Records contained in a dataset:
*** Block opens ***
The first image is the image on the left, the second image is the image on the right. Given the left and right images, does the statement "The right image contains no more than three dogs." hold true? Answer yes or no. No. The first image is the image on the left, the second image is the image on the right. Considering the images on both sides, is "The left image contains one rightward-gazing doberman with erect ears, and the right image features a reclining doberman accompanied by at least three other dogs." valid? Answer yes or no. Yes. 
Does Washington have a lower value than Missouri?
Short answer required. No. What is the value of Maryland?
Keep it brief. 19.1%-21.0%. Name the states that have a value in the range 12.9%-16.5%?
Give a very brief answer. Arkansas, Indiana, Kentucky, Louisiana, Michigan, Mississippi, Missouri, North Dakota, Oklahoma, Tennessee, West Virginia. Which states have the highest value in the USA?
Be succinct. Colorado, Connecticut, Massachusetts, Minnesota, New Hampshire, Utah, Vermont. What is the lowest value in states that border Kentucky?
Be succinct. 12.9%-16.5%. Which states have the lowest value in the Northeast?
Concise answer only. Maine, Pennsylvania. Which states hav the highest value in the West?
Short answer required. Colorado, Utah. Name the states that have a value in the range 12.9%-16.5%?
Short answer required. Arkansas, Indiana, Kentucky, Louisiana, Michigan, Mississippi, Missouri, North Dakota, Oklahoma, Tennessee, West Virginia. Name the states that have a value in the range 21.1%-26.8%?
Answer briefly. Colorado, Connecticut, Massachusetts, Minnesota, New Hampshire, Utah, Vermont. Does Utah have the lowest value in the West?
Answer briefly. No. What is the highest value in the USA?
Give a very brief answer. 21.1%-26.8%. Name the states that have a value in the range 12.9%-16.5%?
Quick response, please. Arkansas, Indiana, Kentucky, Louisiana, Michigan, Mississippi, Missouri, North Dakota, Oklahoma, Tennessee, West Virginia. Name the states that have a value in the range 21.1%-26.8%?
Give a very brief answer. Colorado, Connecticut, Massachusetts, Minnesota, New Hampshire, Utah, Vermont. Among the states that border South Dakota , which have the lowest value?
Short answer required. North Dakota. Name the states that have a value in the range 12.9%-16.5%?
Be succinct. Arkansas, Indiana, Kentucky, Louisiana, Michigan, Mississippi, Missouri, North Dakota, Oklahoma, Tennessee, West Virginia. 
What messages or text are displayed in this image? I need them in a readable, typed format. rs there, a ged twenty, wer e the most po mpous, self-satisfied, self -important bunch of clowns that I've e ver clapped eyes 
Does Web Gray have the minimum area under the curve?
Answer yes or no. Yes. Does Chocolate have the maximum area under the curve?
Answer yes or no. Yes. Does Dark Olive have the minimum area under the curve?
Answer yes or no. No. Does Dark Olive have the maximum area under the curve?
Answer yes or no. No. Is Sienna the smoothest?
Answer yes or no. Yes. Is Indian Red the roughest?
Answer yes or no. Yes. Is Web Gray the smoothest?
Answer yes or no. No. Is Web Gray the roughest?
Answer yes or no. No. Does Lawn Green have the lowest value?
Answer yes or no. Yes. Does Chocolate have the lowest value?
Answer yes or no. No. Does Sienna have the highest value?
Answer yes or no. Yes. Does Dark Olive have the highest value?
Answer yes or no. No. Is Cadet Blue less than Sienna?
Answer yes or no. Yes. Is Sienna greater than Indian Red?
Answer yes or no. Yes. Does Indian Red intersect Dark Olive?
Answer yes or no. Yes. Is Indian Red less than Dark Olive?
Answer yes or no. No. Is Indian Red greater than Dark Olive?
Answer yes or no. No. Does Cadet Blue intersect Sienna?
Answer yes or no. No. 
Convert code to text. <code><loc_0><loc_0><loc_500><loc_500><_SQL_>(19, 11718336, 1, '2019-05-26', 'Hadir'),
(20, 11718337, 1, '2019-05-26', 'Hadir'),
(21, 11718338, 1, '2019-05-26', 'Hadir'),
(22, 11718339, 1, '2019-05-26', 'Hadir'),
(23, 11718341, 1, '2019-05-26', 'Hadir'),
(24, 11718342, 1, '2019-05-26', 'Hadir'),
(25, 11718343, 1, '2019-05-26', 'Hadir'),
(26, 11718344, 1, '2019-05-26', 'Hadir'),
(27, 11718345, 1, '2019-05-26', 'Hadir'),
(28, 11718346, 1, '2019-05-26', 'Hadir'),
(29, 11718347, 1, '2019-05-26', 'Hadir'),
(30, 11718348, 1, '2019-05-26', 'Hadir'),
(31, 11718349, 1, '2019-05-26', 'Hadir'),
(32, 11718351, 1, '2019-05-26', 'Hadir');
*** Block closes ***
What you have to do:
Extract the complete data, matching each line exactly.

Solution for this exercise:
The first image is the image on the left, the second image is the image on the right. Given the left and right images, does the statement "The right image contains no more than three dogs." hold true? Answer yes or no. No. The first image is the image on the left, the second image is the image on the right. Considering the images on both sides, is "The left image contains one rightward-gazing doberman with erect ears, and the right image features a reclining doberman accompanied by at least three other dogs." valid? Answer yes or no. Yes. 
Does Washington have a lower value than Missouri?
Short answer required. No. What is the value of Maryland?
Keep it brief. 19.1%-21.0%. Name the states that have a value in the range 12.9%-16.5%?
Give a very brief answer. Arkansas, Indiana, Kentucky, Louisiana, Michigan, Mississippi, Missouri, North Dakota, Oklahoma, Tennessee, West Virginia. Which states have the highest value in the USA?
Be succinct. Colorado, Connecticut, Massachusetts, Minnesota, New Hampshire, Utah, Vermont. What is the lowest value in states that border Kentucky?
Be succinct. 12.9%-16.5%. Which states have the lowest value in the Northeast?
Concise answer only. Maine, Pennsylvania. Which states hav the highest value in the West?
Short answer required. Colorado, Utah. Name the states that have a value in the range 12.9%-16.5%?
Short answer required. Arkansas, Indiana, Kentucky, Louisiana, Michigan, Mississippi, Missouri, North Dakota, Oklahoma, Tennessee, West Virginia. Name the states that have a value in the range 21.1%-26.8%?
Answer briefly. Colorado, Connecticut, Massachusetts, Minnesota, New Hampshire, Utah, Vermont. Does Utah have the lowest value in the West?
Answer briefly. No. What is the highest value in the USA?
Give a very brief answer. 21.1%-26.8%. Name the states that have a value in the range 12.9%-16.5%?
Quick response, please. Arkansas, Indiana, Kentucky, Louisiana, Michigan, Mississippi, Missouri, North Dakota, Oklahoma, Tennessee, West Virginia. Name the states that have a value in the range 21.1%-26.8%?
Give a very brief answer. Colorado, Connecticut, Massachusetts, Minnesota, New Hampshire, Utah, Vermont. Among the states that border South Dakota , which have the lowest value?
Short answer required. North Dakota. Name the states that have a value in the range 12.9%-16.5%?
Be succinct. Arkansas, Indiana, Kentucky, Louisiana, Michigan, Mississippi, Missouri, North Dakota, Oklahoma, Tennessee, West Virginia. 
What messages or text are displayed in this image? I need them in a readable, typed format. rs there, a ged twenty, wer e the most po mpous, self-satisfied, self -important bunch of clowns that I've e ver clapped eyes 
Does Web Gray have the minimum area under the curve?
Answer yes or no. Yes. Does Chocolate have the maximum area under the curve?
Answer yes or no. Yes. Does Dark Olive have the minimum area under the curve?
Answer yes or no. No. Does Dark Olive have the maximum area under the curve?
Answer yes or no. No. Is Sienna the smoothest?
Answer yes or no. Yes. Is Indian Red the roughest?
Answer yes or no. Yes. Is Web Gray the smoothest?
Answer yes or no. No. Is Web Gray the roughest?
Answer yes or no. No. Does Lawn Green have the lowest value?
Answer yes or no. Yes. Does Chocolate have the lowest value?
Answer yes or no. No. Does Sienna have the highest value?
Answer yes or no. Yes. Does Dark Olive have the highest value?
Answer yes or no. No. Is Cadet Blue less than Sienna?
Answer yes or no. Yes. Is Sienna greater than Indian Red?
Answer yes or no. Yes. Does Indian Red intersect Dark Olive?
Answer yes or no. Yes. Is Indian Red less than Dark Olive?
Answer yes or no. No. Is Indian Red greater than Dark Olive?
Answer yes or no. No. Does Cadet Blue intersect Sienna?
Answer yes or no. No. 
Convert code to text. <code><loc_0><loc_0><loc_500><loc_500><_SQL_>(19, 11718336, 1, '2019-05-26', 'Hadir'),
(20, 11718337, 1, '2019-05-26', 'Hadir'),
(21, 11718338, 1, '2019-05-26', 'Hadir'),
(22, 11718339, 1, '2019-05-26', 'Hadir'),
(23, 11718341, 1, '2019-05-26', 'Hadir'),
(24, 11718342, 1, '2019-05-26', 'Hadir'),
(25, 11718343, 1, '2019-05-26', 'Hadir'),
(26, 11718344, 1, '2019-05-26', 'Hadir'),
(27, 11718345, 1, '2019-05-26', 'Hadir'),
(28, 11718346, 1, '2019-05-26', 'Hadir'),
(29, 11718347, 1, '2019-05-26', 'Hadir'),
(30, 11718348, 1, '2019-05-26', 'Hadir'),
(31, 11718349, 1, '2019-05-26', 'Hadir'),
(32, 11718351, 1, '2019-05-26', 'Hadir');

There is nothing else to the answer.